# Fascinating interview with PED dealer who has ties with top athletes



## Leed (Jan 3, 2010)

Was browsing through reddit and stumbled upon this interview, it's pretty old (2008), so some of you might've read about this dude, I'm surprised I haven't, but great read, fascinating stuff! 



> Angel Heredia, once a doping dealer and now a chief witness for the U.S. Justice Department, talks about the powerlessness of the investigators, the motives of athletes who cheat and the drugs of the future.
> 
> He had been in hiding under an assumed name in a hotel in Laredo, Texas, for two years when the FBI finally caught up with him. The agents wanted to know from Angel Heredia if he knew a coach by the name of Trevor Graham, whether he carried the nickname "Memo", and what he knew about doping. "No", "no", "nothing" – those were his replies. But then the agents laid the transcripts of 160 wiretapped telephone conversations on the table, as well as the e-mails and the bank statements. That’s when Angel "Memo" Heredia knew that he had lost. He decided to cooperate, and he also knew that he would only have a chance if he didn’t lie – not a single time. "He’s telling the truth," the investigators say about Heredia today.
> 
> ...


https://www.reddit.com/r/MMA/comments/6s044r/long_read_extremely_insightful_interview_on_peds/
http://www.spiegel.de/spiegel/a-571031.html


----------



## Trix (Dec 15, 2009)

I might remember this guy if he went into the legit supplement business after his lawsuits and Kyle Kingbury used his stuff when he was winning his fights.

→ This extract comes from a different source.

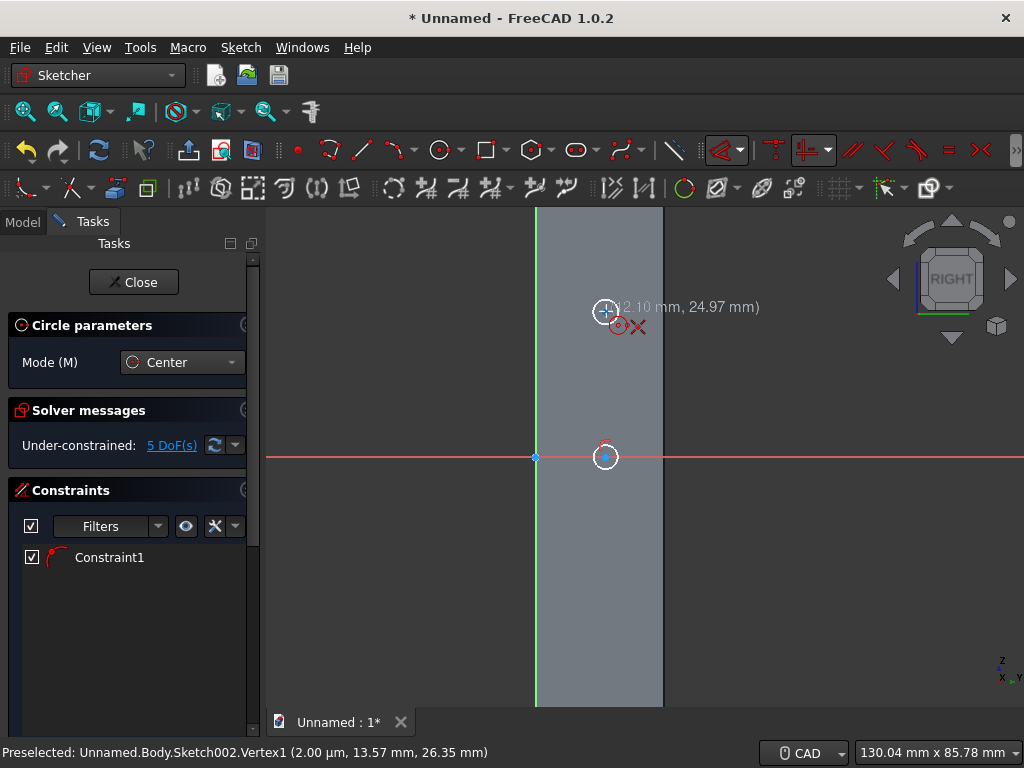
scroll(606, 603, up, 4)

Spiegel used to be a good source. One of the few publications that would touch Edward Snowden's leaks. They could have flipped a 180 there since, not certain on that.


----------



## Leed (Jan 3, 2010)

So it turns out Joe Rogan actually has an old podcast episode with Victor Conte, the founder of BALCO (where Heredia worked as a dealer), the lab that made and supplied many athletes with PEDS. 

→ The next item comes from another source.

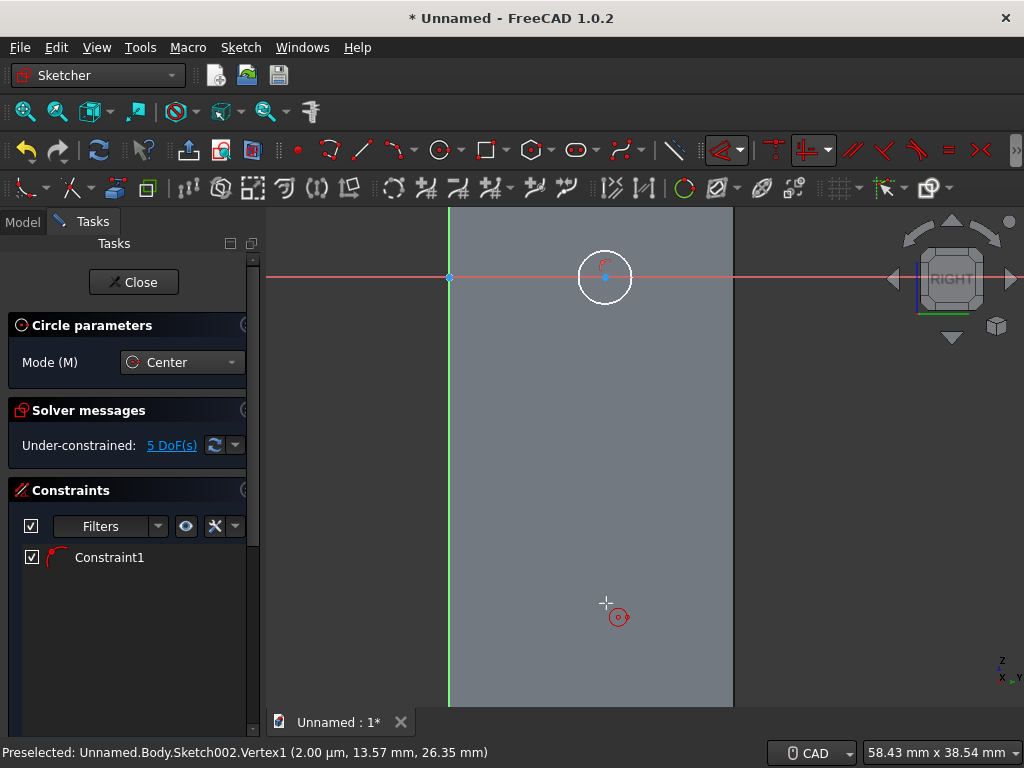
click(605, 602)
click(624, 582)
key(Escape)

Also, apparently after the whole scandal, this Heredia dude changed his last name, and worked with Juan Manuel Marquez when he KOed Manny (I'm not a boxing guy, but as far as I've read, got bigger, stronger and with a suspicious acne?), and supposedly Usain Bolt. And the Victor Conte guy has worked with some MMA fighters as well, couple of them have popped for PEDs, one being Cung Le.


----------



## Trix (Dec 15, 2009)

Yeah. Victor Conte is who I was thinking of.

I like this part. It probably applies to USADA testing today.

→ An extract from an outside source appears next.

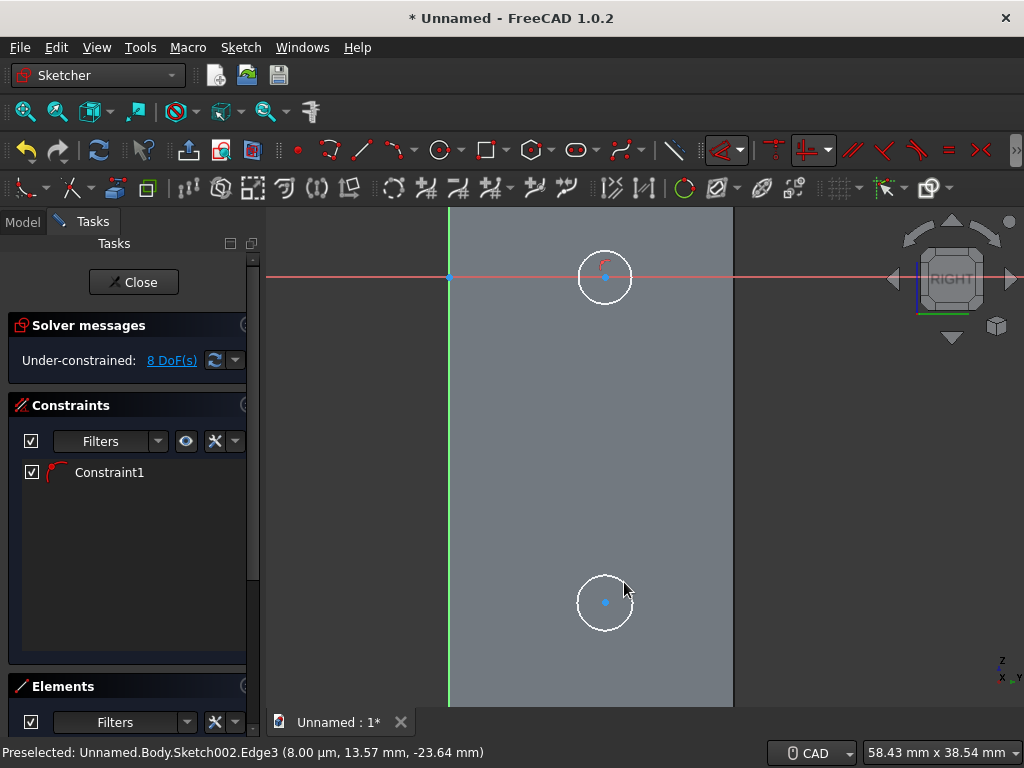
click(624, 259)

> Heredia: Undetectable. We’ve used ointments that do not leave any traces and that enable a consistently high testosterone level in athletes.


----------



## Leed (Jan 3, 2010)

Trix said:


> Yeah. Victor Conte is who I was thinking of.
> 
> I like this part. It probably applies to USADA testing today.


What's funny is, if I remember correctly, Victor Conte basically said that USADA has a history of doing shady stuff in boxing, and as far as I've read, most of the boxing community seem to think that USADA is a very shady org and is basically the "go to" place for drug cheats and if you want at least somewhat proper testing, VADA is the choice. 
This is pretty ironic considering USADA came here to save the UFC from drugs. What's also interesting, I just stumbled upon an old thread on this forum, from 2013, where VADA offered a anti-PED program to the UFC to work together, but didn't have no response at that time. Who knows what happened, but obviously they didn't accept, but sometime after started working with USADA. 

I'm probably reaching on this one, since the UFC hired Novitzky in 2015, he was investigating Victor Conte and others back in the day, so I'd be very surprised if he's in cahoots with USADA. :laugh:


----------